Europe has been much worse. It has been the scene of two World Wars; both from the result of an unraveling of the now resolved Franco-German conflicts. Since the treaty of Rome the Europeans have moved forward a great deal in the area of integration, giving up fundamental social tools in the political sphere, giving up their sovereignty. To the extraordinary extent that is the important element of national currency. This changes the rules of the game causing enormous competitive strains withing the European space such as, for example, between Germany and Greece. Such asymmetries, combine with the consequences of the hegemony of financial activities, have lead to an excessive debt situation in many nations. This process brought the European nations, as happened in most industrialised nations when the crisis hit, the obligation of stepping up to rescue the speculators. This caused a huge increase in the fiscal deficit of the member states.

Now the markets feel uncomfortable. The nation states are trying to regain market confidence by the means of policy adjustment (austerity measures). This impedes their process of resolving of the sovereign debt problems as it leaves them at the mercy of speculative attacks. In confronting this situation, community policy has been to appease the markets, instead of putting them back in their box, controlling them, as they should, putting finance back in the service of production and not speculation.

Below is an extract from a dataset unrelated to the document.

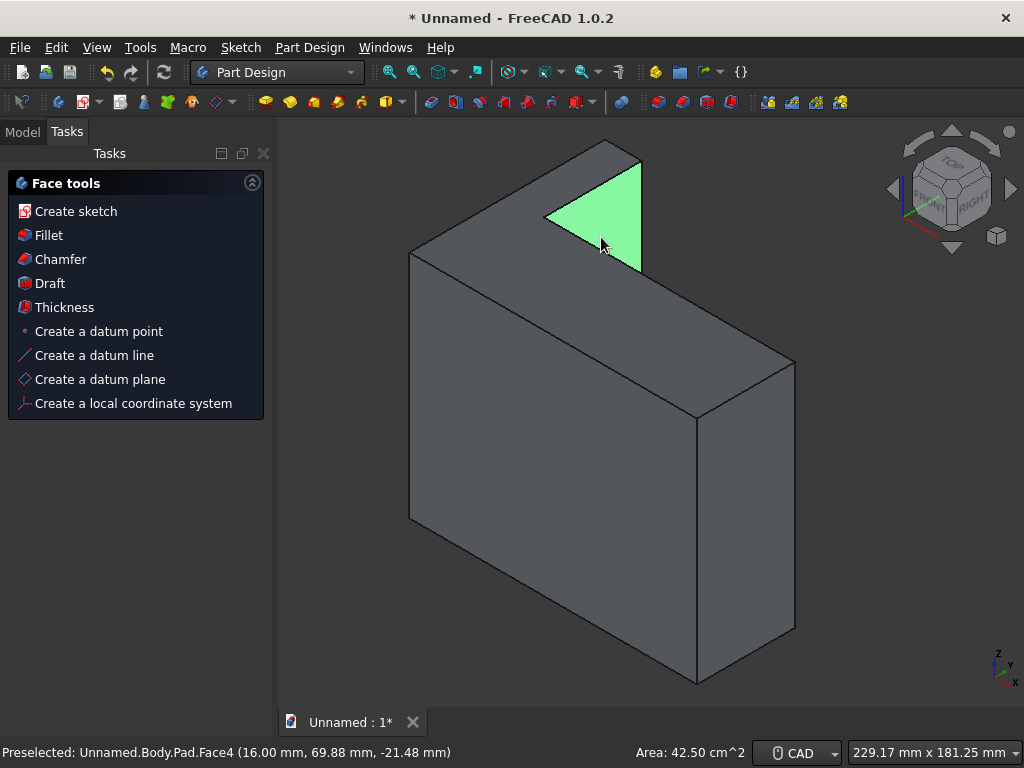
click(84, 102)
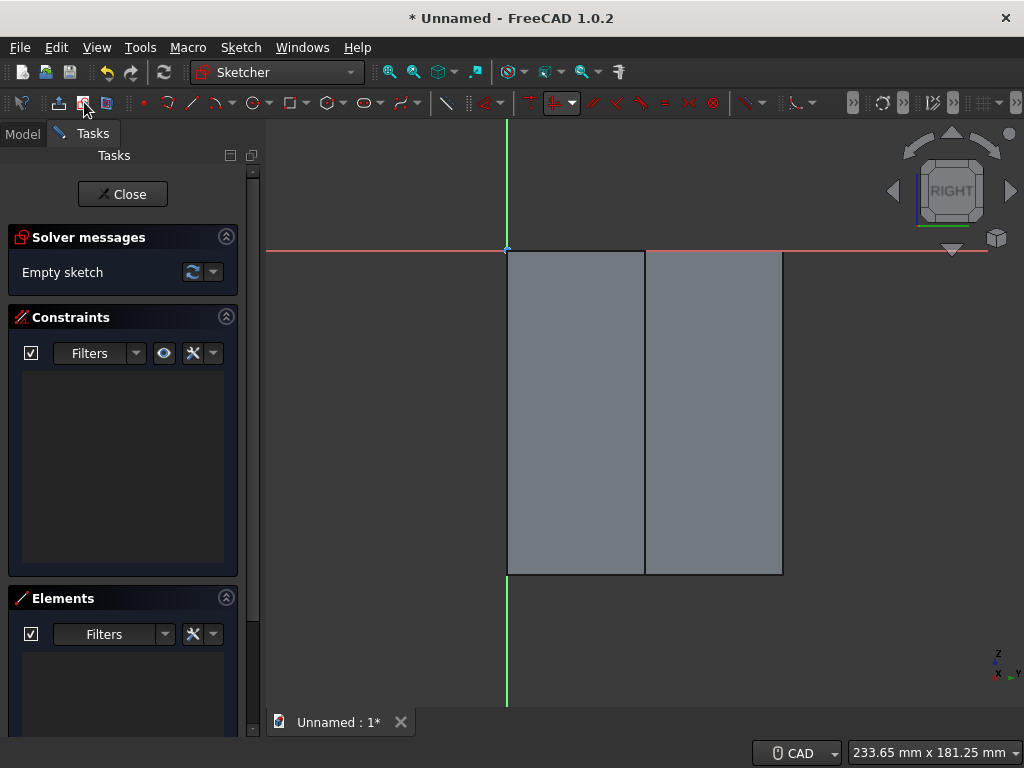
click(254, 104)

[1] Mini biography: Aldo Ferrer is a distinguished Argentine economist. Former Argentine Minister for Economics, Dr. Ferrer is director of the Program for Economic Regional Integration in the University of Buenos Aires. He is currently Argentine Ambassador to France and one of the chief negotiators on sovereign debt with the Paris Club of Global Financiers. The Author is completing Dr. Ferrer’s Masters Program on regional integration in the Department of Economics of the University of Buenos Aires.